SOURCE RECORDS -

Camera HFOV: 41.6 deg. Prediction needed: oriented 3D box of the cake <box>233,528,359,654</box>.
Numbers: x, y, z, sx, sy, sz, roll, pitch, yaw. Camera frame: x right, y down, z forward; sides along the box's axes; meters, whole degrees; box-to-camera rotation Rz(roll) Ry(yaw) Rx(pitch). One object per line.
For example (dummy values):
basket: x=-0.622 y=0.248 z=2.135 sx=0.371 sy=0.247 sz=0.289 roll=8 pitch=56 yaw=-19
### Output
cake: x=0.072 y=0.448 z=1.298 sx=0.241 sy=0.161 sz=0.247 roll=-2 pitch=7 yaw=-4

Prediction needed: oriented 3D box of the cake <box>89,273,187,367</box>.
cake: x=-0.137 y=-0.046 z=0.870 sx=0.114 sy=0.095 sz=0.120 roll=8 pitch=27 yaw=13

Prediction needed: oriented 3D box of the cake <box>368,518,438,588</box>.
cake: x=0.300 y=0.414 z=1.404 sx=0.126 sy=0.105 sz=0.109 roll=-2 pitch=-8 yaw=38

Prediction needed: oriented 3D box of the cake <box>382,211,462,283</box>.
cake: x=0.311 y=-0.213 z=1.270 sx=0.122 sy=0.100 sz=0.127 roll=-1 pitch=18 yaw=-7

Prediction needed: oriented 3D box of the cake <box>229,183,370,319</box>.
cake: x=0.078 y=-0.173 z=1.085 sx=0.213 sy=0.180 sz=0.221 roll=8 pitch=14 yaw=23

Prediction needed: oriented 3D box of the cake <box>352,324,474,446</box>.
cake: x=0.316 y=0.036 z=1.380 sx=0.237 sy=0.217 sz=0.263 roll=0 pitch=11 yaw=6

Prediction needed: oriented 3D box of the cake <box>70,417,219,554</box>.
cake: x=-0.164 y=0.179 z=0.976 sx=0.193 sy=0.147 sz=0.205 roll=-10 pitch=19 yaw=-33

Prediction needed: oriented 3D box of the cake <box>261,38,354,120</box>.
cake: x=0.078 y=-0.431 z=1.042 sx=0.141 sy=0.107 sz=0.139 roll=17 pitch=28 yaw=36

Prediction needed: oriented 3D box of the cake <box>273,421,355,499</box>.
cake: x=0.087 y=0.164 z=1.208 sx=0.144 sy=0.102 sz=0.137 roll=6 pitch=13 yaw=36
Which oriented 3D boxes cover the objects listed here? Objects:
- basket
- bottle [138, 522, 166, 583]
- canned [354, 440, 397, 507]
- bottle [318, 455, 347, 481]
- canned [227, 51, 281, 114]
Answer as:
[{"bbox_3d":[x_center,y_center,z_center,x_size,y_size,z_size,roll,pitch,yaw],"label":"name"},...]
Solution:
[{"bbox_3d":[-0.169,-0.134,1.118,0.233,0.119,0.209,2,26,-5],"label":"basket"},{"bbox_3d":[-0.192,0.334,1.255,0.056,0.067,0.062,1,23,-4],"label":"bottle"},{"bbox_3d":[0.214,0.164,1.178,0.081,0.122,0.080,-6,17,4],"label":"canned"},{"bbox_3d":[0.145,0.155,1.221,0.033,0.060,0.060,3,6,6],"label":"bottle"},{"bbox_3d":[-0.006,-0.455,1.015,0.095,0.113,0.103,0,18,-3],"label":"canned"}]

EXERCISE PROMPT -
From the first line to the last, transcribe the records exactly.

THE ANSWER -
Camera HFOV: 41.6 deg. Prediction needed: oriented 3D box of the cake <box>233,528,359,654</box>.
Numbers: x, y, z, sx, sy, sz, roll, pitch, yaw. Camera frame: x right, y down, z forward; sides along the box's axes; meters, whole degrees; box-to-camera rotation Rz(roll) Ry(yaw) Rx(pitch). One object per line.
For example (dummy values):
basket: x=-0.622 y=0.248 z=2.135 sx=0.371 sy=0.247 sz=0.289 roll=8 pitch=56 yaw=-19
### Output
cake: x=0.072 y=0.448 z=1.298 sx=0.241 sy=0.161 sz=0.247 roll=-2 pitch=7 yaw=-4

Prediction needed: oriented 3D box of the cake <box>89,273,187,367</box>.
cake: x=-0.137 y=-0.046 z=0.870 sx=0.114 sy=0.095 sz=0.120 roll=8 pitch=27 yaw=13

Prediction needed: oriented 3D box of the cake <box>368,518,438,588</box>.
cake: x=0.300 y=0.414 z=1.404 sx=0.126 sy=0.105 sz=0.109 roll=-2 pitch=-8 yaw=38

Prediction needed: oriented 3D box of the cake <box>382,211,462,283</box>.
cake: x=0.311 y=-0.213 z=1.270 sx=0.122 sy=0.100 sz=0.127 roll=-1 pitch=18 yaw=-7

Prediction needed: oriented 3D box of the cake <box>229,183,370,319</box>.
cake: x=0.078 y=-0.173 z=1.085 sx=0.213 sy=0.180 sz=0.221 roll=8 pitch=14 yaw=23

Prediction needed: oriented 3D box of the cake <box>352,324,474,446</box>.
cake: x=0.316 y=0.036 z=1.380 sx=0.237 sy=0.217 sz=0.263 roll=0 pitch=11 yaw=6

Prediction needed: oriented 3D box of the cake <box>70,417,219,554</box>.
cake: x=-0.164 y=0.179 z=0.976 sx=0.193 sy=0.147 sz=0.205 roll=-10 pitch=19 yaw=-33

Prediction needed: oriented 3D box of the cake <box>261,38,354,120</box>.
cake: x=0.078 y=-0.431 z=1.042 sx=0.141 sy=0.107 sz=0.139 roll=17 pitch=28 yaw=36

Prediction needed: oriented 3D box of the cake <box>273,421,355,499</box>.
cake: x=0.087 y=0.164 z=1.208 sx=0.144 sy=0.102 sz=0.137 roll=6 pitch=13 yaw=36
Which oriented 3D boxes cover the objects listed here? Objects:
- basket
- bottle [138, 522, 166, 583]
- canned [354, 440, 397, 507]
- bottle [318, 455, 347, 481]
- canned [227, 51, 281, 114]
Answer as:
[{"bbox_3d":[x_center,y_center,z_center,x_size,y_size,z_size,roll,pitch,yaw],"label":"name"},...]
Solution:
[{"bbox_3d":[-0.169,-0.134,1.118,0.233,0.119,0.209,2,26,-5],"label":"basket"},{"bbox_3d":[-0.192,0.334,1.255,0.056,0.067,0.062,1,23,-4],"label":"bottle"},{"bbox_3d":[0.214,0.164,1.178,0.081,0.122,0.080,-6,17,4],"label":"canned"},{"bbox_3d":[0.145,0.155,1.221,0.033,0.060,0.060,3,6,6],"label":"bottle"},{"bbox_3d":[-0.006,-0.455,1.015,0.095,0.113,0.103,0,18,-3],"label":"canned"}]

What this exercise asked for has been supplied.